THE REQUEST FOR REVISION
6. On 22 September 2005 the applicant’s lawyer requested a revision or rectification of the judgment of 20 September 2005 because of the non-allocation of sums under Article 41 of the Convention. On 14 November 2005 he submitted the applicant’s claims for just satisfaction. He claimed 23,520 New Turkish Liras (YTL), equivalent to 14,709 euros (EUR), in respect of pecuniary damage, and YTL 30,000 (EUR 18,761) in respect of non-pecuniary damage. He finally claimed YTL 8,523 (EUR 5,330) as costs and expenses.
7. In their observations of 4 January 2006 the Government did not address the issue of the applicant’s request for revision.
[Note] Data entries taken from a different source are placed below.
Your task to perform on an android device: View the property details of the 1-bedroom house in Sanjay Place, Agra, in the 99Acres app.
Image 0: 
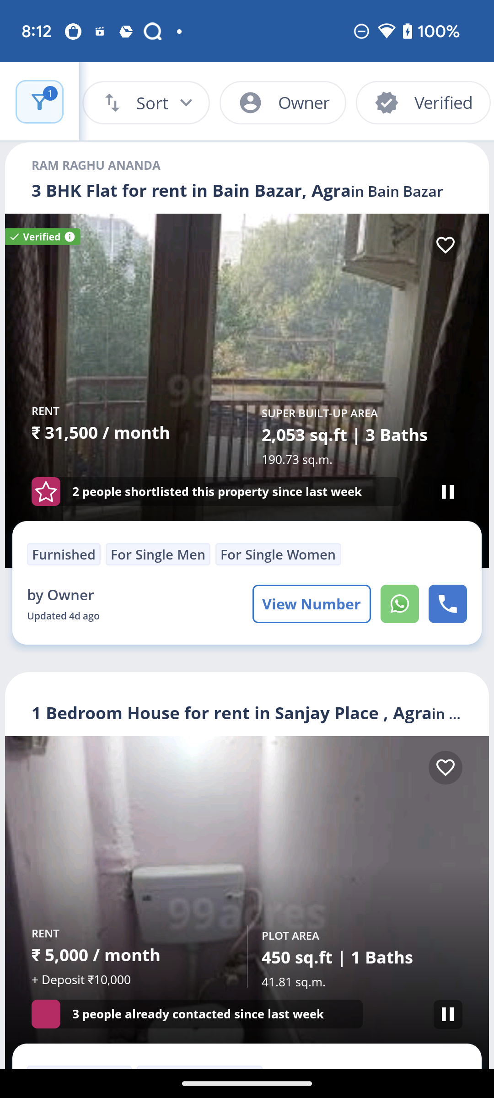
click on 1-bedroom house in Sanjay Place, Agra
Step 0: click (322, 856)
Image 1: 
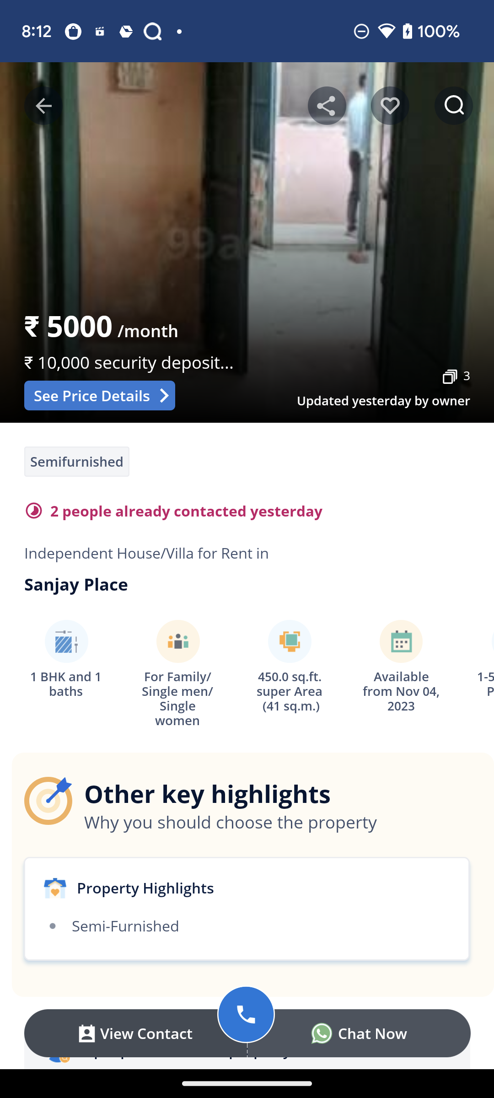
Swipe up to see details
Step 1: scroll down
Image 2: 
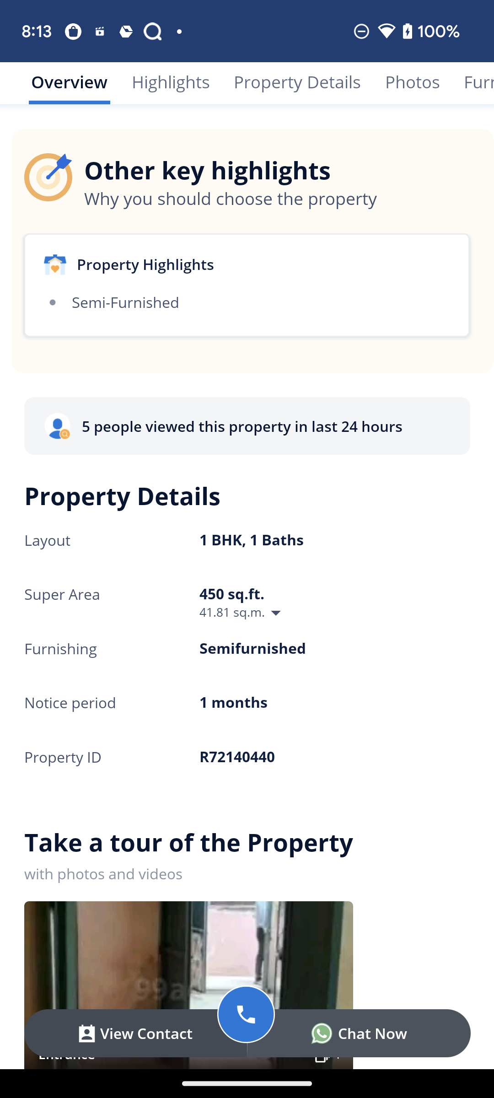
Swipe up to see details
Step 2: scroll down
Image 3: 
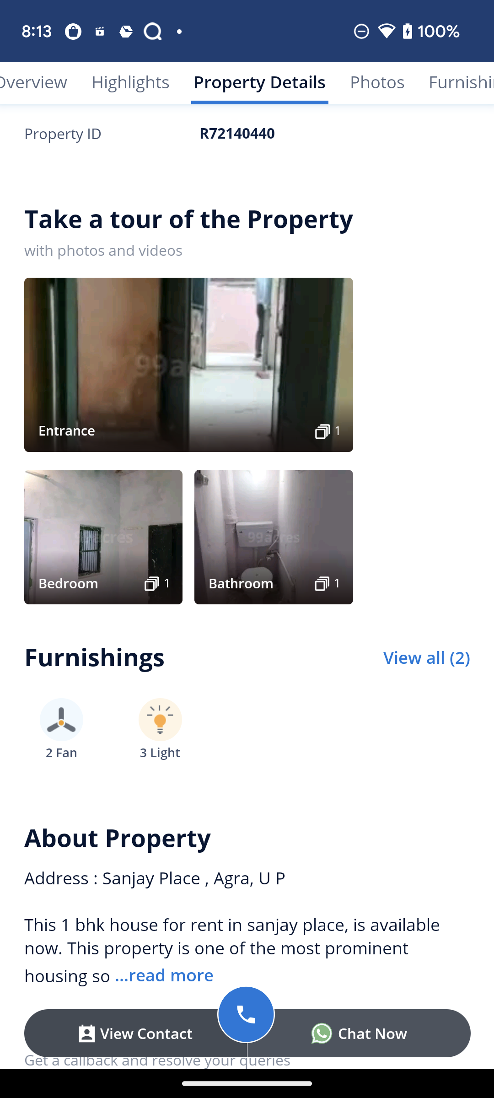
Swipe up to see details
Step 3: scroll down
Image 4: 
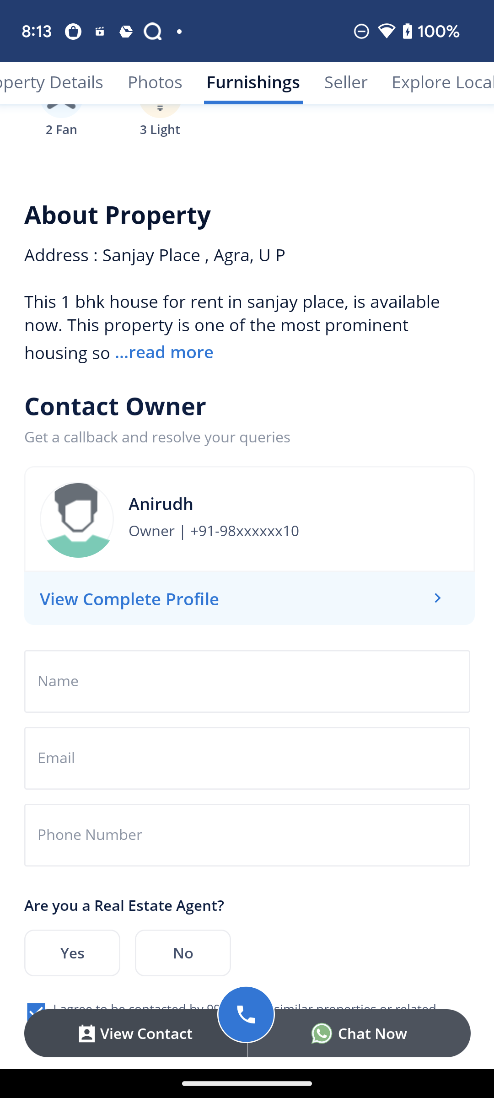
Swipe up to see details
Step 4: scroll down
Image 5: 
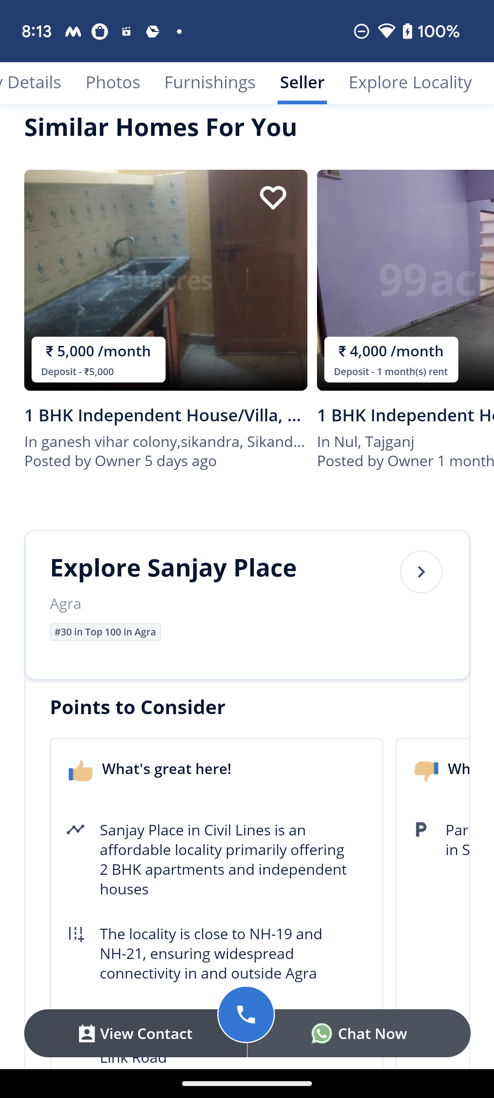
Swipe up to see details
Step 5: scroll down

However, they contested the applicant’s claims for just satisfaction.
8. The Court finds that the applicant’s arguments do not relate to a clerical error, an error in calculation or an obvious mistake within the meaning of Rule 81 of the Rules of Court.
9. The Court further notes that its reading of the applicant’s submissions had a decisive influence on the outcome of the judgment within the meaning of Rule 80 of the Rules of Court, namely the non-allocation of sums under Article 41 of the Convention.
10. It accordingly decides that the judgment of 20 September 2005 should be revised pursuant to Rule 80 of the Rules of Court, the relevant parts of which provide:
“A party may, in the event of the discovery of a fact which might by its nature have a decisive influence and which, when a judgment was delivered, was unknown to the Court and could not reasonably have been known to that party, request the Court ... to revise that judgment....”
11. Having regard to the parties’ submissions of 14 November 2005 and 4 January 2006, the Court now awards the applicant the sum of EUR 8,000 for non-pecuniary damages and EUR 2,500 for costs and expenses.
12. The Court considers it appropriate that the default interest should be based on the marginal lending rate of the European Central Bank, to which should be added three percentage points.
FOR THESE REASONS, THE COURT UNANIMOUSLY
Decides to revise its judgment of 20 September 2005 as regards the non-allocation of sums under Article 41 of the Convention;
(a) that the respondent State is to pay the applicant, within three months from the date on which the judgment becomes final in accordance with Article 44 § 2 of the Convention, the following amounts, together with any tax that may be applicable, to be converted into New Turkish Liras at the rate applicable on the date of settlement:
(i) EUR 8,000 (eight thousand euros) in respect of non-pecuniary damage;
(ii) EUR 2,500 (two thousand five hundred euros) in respect of costs and expenses;
(b) that from the expiry of the above-mentioned three months until settlement simple interest shall be payable on the above amounts at a rate equal to the marginal lending rate of the European Central Bank during the default period plus three percentage points;
Dismisses the remainder of the applicant’s claims for just satisfaction.
Done in English, and notified in writing on 25 April 2006, pursuant to Rule 77 §§ 2 and 3 of the Rules of Court.